Information Security
When it comes to organizations operating in the diplomatic and intergovernmental spheres, the issues of confidentiality and information classification is always an area of concern. I raised the question of whether it would be more practical for organizations -governmental or intergovernmental- to commission the creation of their own AI systems exclusive to them to ensure the security of their more sensitive data and workflows.
He very gently explained to me, a near luddite in comparison to his expertise with the technology, that building proprietary AI models is resource-intensive and sometimes impractical and needs to be taken on a case-by-case basis. By the time a custom model is trained, a newer version is already in development. As an alternative, organizations could collaborate with tech developers to stay updated and ensure security through robust protocols.
Through compartmentalization of access to data flows and information through rigidly enforced organizational protocols, informational security can remain protected while affording the use of AI to augment the ability of the organization to achieve its targets. Through consistent training and engagement with the technology, fine tuning the use through experimentation and ensuring the separation of sensitive information from information accessible to the technology, a balance can be achieved between security and effective use of AI.
Takeaways
There is a lot to digest, and with what I have learned today I realize that the process of integrating this rapidly evolving technology into the global bureausphere is layered with complexities that require harmonizing approaches across a number of different contexts to ensure that the adoption of AI works in our collective favor.
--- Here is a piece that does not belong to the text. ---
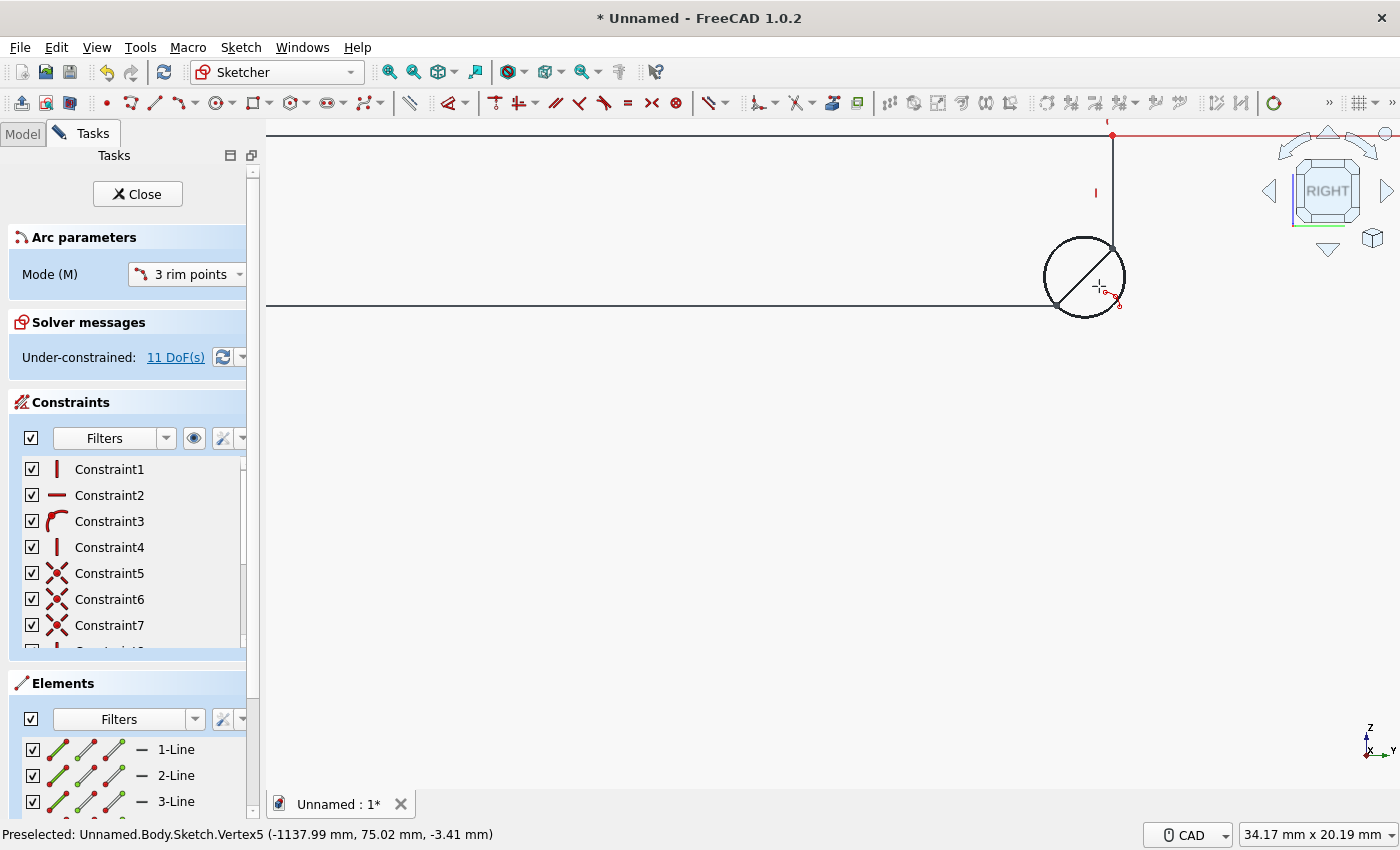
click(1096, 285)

In that direction, there are some takeaways that came about from this conversation, starting with the reality of the gap between the pace of development of AI and the relatively slower pace of development of international cooperation and legislative frameworks.
Organizations, both governmental and intergovernmental need to enhance their agility and wield the mechanisms they have at their disposal, as well as the ones recommended by the AI Advisory Body more effectively. In their current formats, these mechanisms will find it difficult to maintain relevance in their decisions, outcomes, and recommendations when it comes to AI given the disparity in pacing.
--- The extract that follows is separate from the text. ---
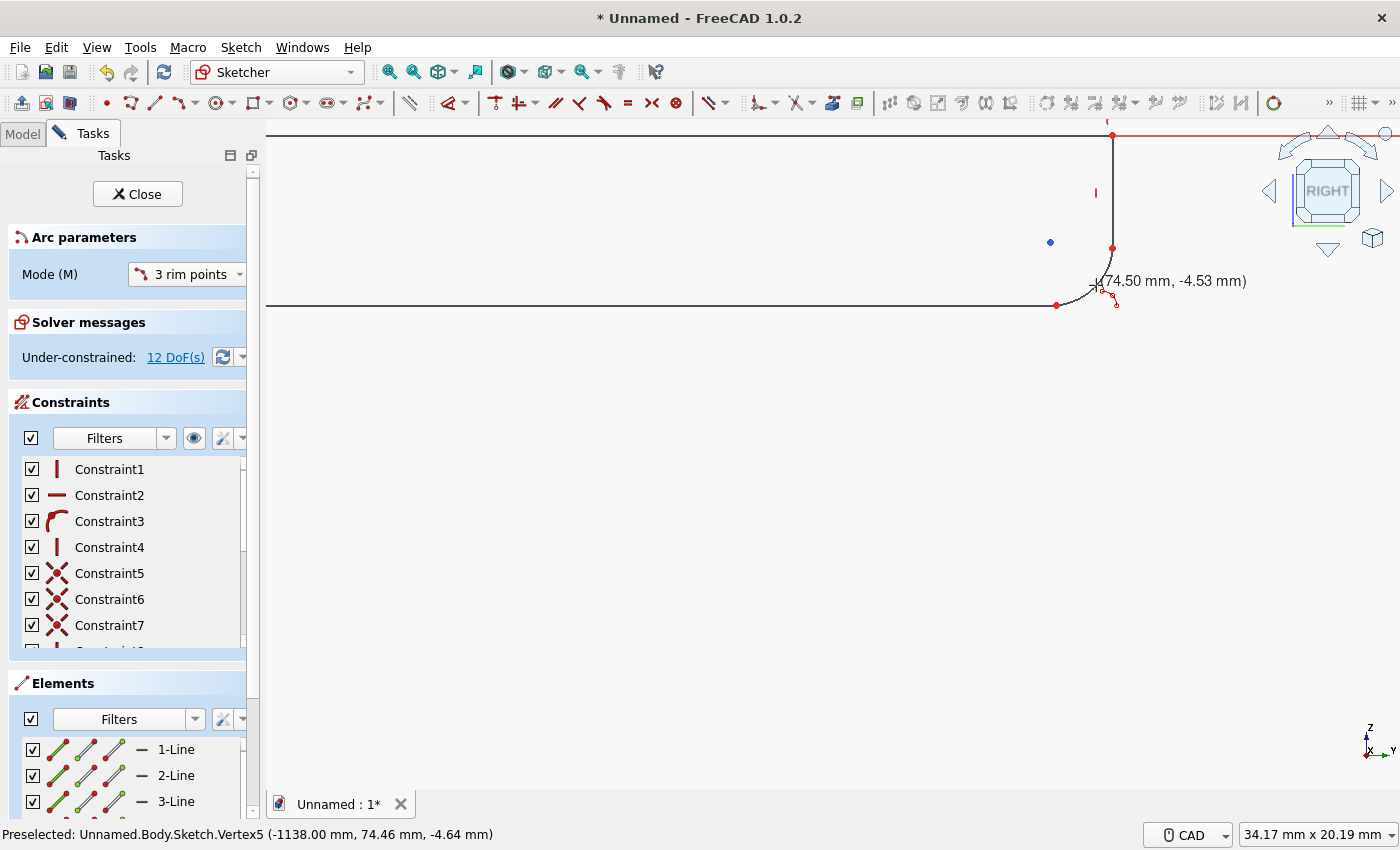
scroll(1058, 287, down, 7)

Similarly, intergovernmental approaches to governance and regulation need to adopt a more agile mode of thinking to ensure continued relevance, and to avoid the rise of a legislative patchwork with gross inconsistencies across the international arena that could feature gaps or havens that adversely impact the entire ecosystem through unregulated development of the technology.
On the operational side, governmental and intergovernmental organizations need to develop clarity of purpose when adopting AI, and establish mechanisms to balance between ensuring confidentiality, security of information and effective use of the technology to achieve a reasonable return on their investments.
They must also proactively engage in training, experimentation and skill development of their personnel, to ensure safe use and useful outputs. In that respect, they must also ensure that chains of accountability remain solid, and avoid the temptation of overreliance on AI, even as its processing power and capabilities increase. Overreliance can lead to progressive deskilling of personnel over time and the loss of key cross cultural and negotiation skills that are integral to diplomacy and international relations.
The insights gained from this conversation underscore a critical truth: effective AI integration requires a blend of agility, collaboration, and human oversight. As AI reshapes global dynamics, the challenge lies in harnessing its potential while maintaining the human elements at the core of global diplomacy.